• Records supplied:
....

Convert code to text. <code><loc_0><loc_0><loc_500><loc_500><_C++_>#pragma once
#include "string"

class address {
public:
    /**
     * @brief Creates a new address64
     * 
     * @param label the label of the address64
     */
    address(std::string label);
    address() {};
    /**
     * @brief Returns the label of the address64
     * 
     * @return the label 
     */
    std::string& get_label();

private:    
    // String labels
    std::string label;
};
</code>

....

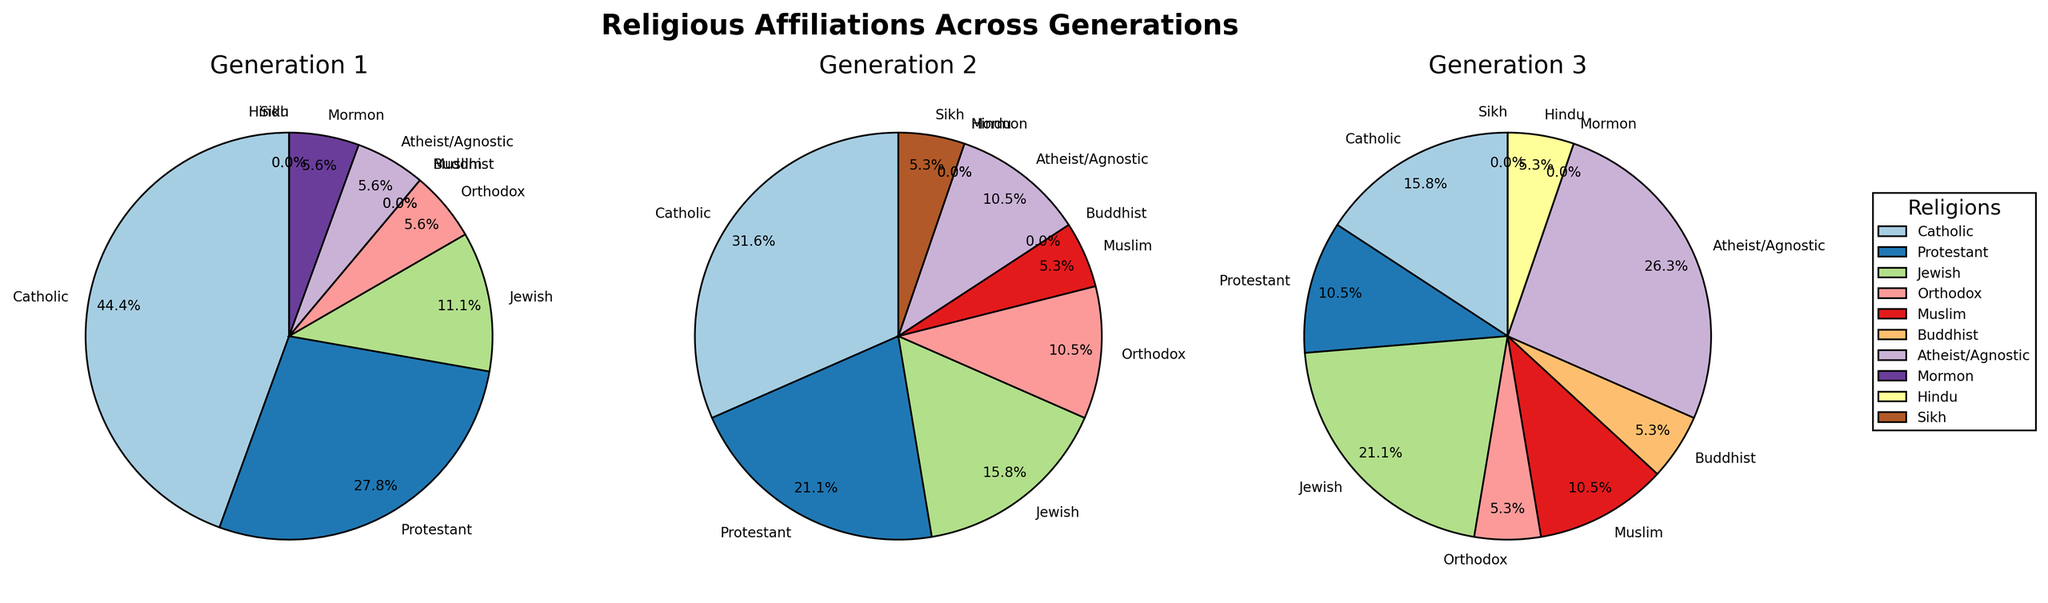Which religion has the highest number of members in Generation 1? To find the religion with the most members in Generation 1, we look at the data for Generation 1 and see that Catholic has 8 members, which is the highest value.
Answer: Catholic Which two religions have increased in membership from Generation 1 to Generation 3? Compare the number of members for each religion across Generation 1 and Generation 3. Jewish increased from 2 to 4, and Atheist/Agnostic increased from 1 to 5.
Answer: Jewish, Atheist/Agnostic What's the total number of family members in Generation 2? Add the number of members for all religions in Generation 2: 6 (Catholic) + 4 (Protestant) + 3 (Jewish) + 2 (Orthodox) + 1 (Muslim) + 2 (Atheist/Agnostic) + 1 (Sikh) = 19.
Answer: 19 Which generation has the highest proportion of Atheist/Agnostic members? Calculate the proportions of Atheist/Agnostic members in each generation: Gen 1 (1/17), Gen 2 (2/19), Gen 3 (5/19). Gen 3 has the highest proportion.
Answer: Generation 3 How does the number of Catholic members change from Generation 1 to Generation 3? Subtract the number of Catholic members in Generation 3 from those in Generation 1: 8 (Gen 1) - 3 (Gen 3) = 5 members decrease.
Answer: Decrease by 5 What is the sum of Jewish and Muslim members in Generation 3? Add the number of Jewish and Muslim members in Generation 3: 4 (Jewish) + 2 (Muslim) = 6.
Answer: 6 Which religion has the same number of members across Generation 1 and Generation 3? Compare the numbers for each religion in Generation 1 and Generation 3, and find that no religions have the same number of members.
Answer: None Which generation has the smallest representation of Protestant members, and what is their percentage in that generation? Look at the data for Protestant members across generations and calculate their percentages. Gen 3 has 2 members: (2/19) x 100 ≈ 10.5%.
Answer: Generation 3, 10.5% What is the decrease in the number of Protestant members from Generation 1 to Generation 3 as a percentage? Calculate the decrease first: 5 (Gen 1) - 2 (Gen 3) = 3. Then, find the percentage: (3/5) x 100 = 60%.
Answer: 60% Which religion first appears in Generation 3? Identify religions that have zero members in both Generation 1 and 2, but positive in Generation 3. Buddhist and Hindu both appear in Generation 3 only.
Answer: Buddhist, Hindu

....

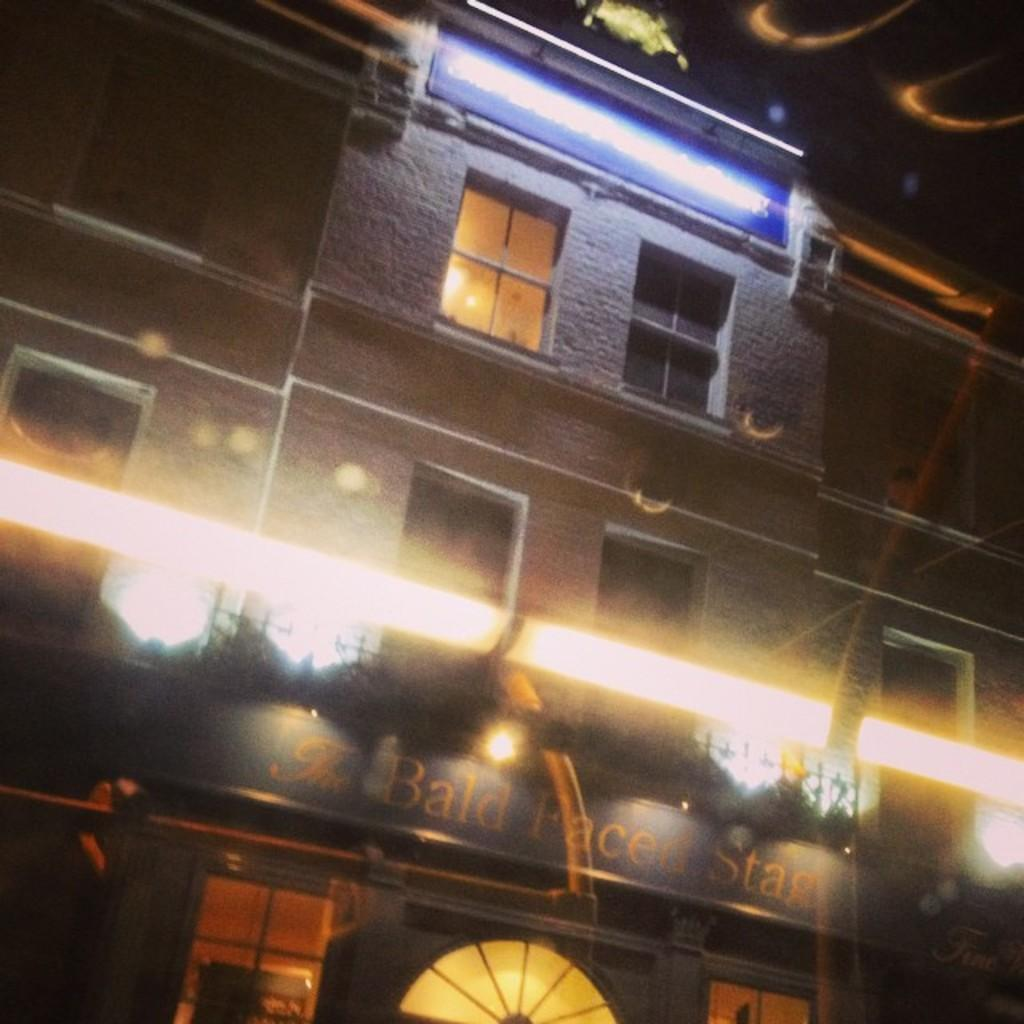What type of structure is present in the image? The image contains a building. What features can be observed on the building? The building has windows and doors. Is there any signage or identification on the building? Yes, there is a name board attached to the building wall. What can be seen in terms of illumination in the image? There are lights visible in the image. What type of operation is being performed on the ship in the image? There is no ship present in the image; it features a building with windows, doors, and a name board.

....

• Requirement:
In the records above, how many lines include "code"? Answer with the number alone.

• Problem solution:
2